At startup, the Shelly loads the script and immediately calls the Growatt API. The response is parsed, and the current power output is extracted from the inverter data. That number is stored in a virtual component so you can see it in the UI or other integrations. The script then compares the number with the configured threshold.

If the reading is at or above the threshold, the relay is turned on and the pump for the solar water heater is allowed to run. If the reading is below the threshold, the relay is turned off. If anything fails during the request or parsing process, the script turns the relay on rather than leaving the pump blocked by a temporary software issue.

The loop repeats every five minutes. Over time, that creates a lightweight automatic controller that follows solar availability without requiring constant manual intervention.

Common Mistakes To Avoid

One common mistake is copying the placeholder token and serial number into a live system. The values in the example are intentionally randomized-looking and should be replaced with real credentials and identifiers.

Another mistake is choosing a threshold based only on a guess. It is better to start from the pump’s power requirements and adjust from there after observing how the system behaves. A threshold that sounds reasonable on paper may not match the actual collector behavior on your roof.

It is also easy to forget that the pump is the real load being controlled. Because this post uses the solar water heater pump as the example, the relay state should be interpreted in that context. On means circulation is allowed. Off means the pump stops. That simple mapping should stay clear in your mind when testing and troubleshooting.

How To Get The Growatt API Token

The token field in the script must come from your Growatt account. The exact menu names can change over time, but the process is usually straightforward.

1. Sign in to your Growatt account in the web portal.
2. Open the account settings or developer/API area.
3. Look for API access, Open API, or token management.
4. Create a token if one does not exist, or copy the existing token.
5. Confirm that your inverter is listed in the same account and note the exact serial number.

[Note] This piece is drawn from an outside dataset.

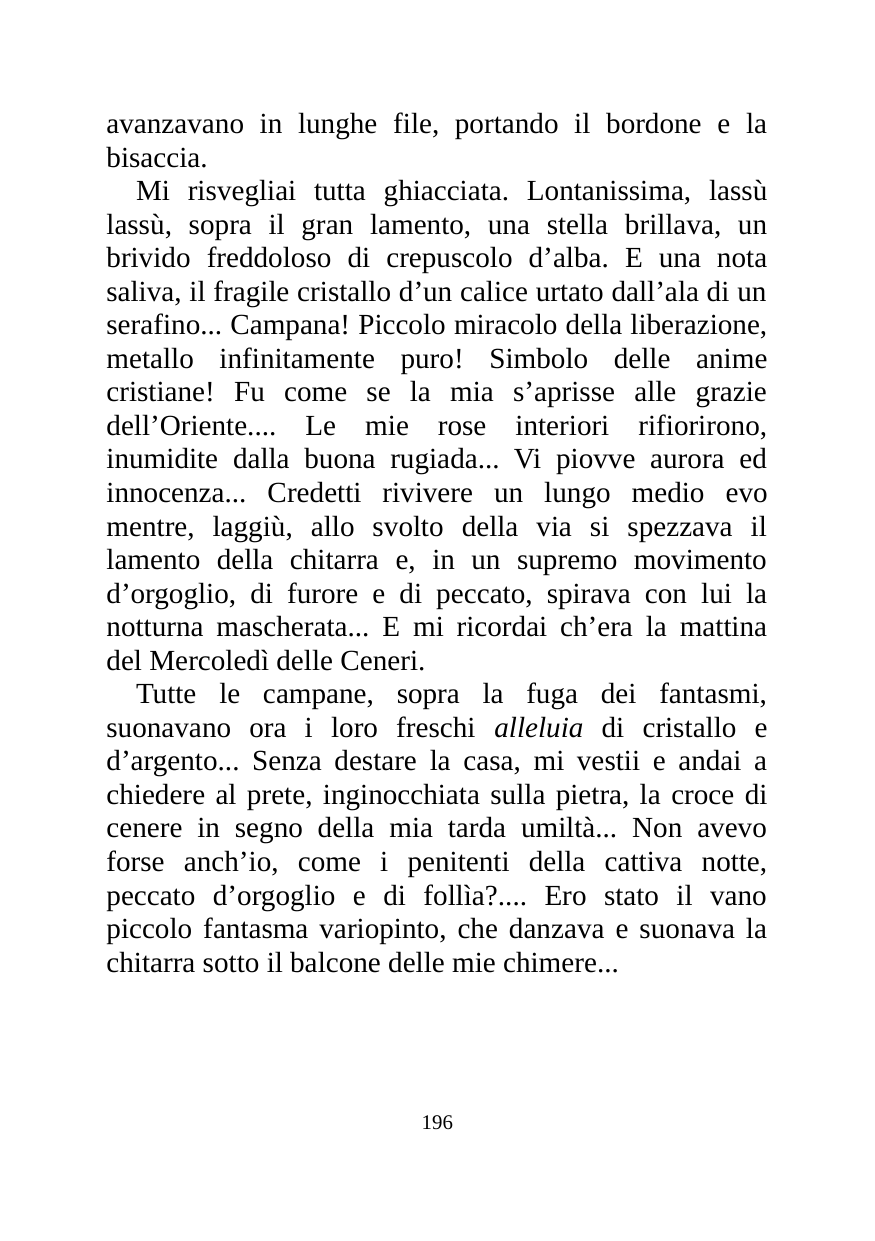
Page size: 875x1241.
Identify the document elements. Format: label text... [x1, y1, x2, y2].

If you do not see API options in your account, your profile may not have API access enabled yet. In that case, contact Growatt support and ask for Open API access for your plant/account.

After you have the token, test it before putting it into the Shelly script:

1. Use a REST client or command line request against the same endpoint used in the script.
2. Send deviceSn and deviceType in the request body.
3. Confirm that the response returns success and includes current inverter data.

Once that test works, paste the token into CONFIG.token, paste the exact inverter serial into CONFIG.deviceSn, and keep the token private. If you rotate or regenerate the token later, remember to update the Shelly script as well.

Final Example Values To Review Before Going Live

Before deploying, review these settings carefully:

• token: your Growatt API token.
• deviceSn: your inverter serial number.
• deviceType: the correct Growatt family for your inverter.
• thresholdWatt: the watt level that should allow the pump to run.
• Virtual handles: the numeric and text handles assigned in Shelly.
• Poll interval: how often the system checks the inverter.

If the relay is controlling the pump for a solar water heater, do one more sanity check after deployment. Watch one full sunny cycle if possible. Confirm that the pump comes on when production is strong, stays off when production is weak, and returns to the safe fallback state if the API becomes unavailable.

Summary

This pattern gives you a straightforward solar pump controller for a solar water heater: measure production, compare it to a threshold, and drive the Shelly relay with a fail-safe default. In my case, the relay is controlling the pump rather than a generic appliance, so the goal is to move heat only when the solar input is good enough to make the circulation worthwhile.

Because the script is simple, it is easy to inspect, tune, and maintain. Because it includes a fail-safe path, it keeps the pump from being stranded in an unknown state during temporary API problems. And because it uses a threshold, it gives you a practical way to tie solar production to real thermal use without adding a more complex control system on day one.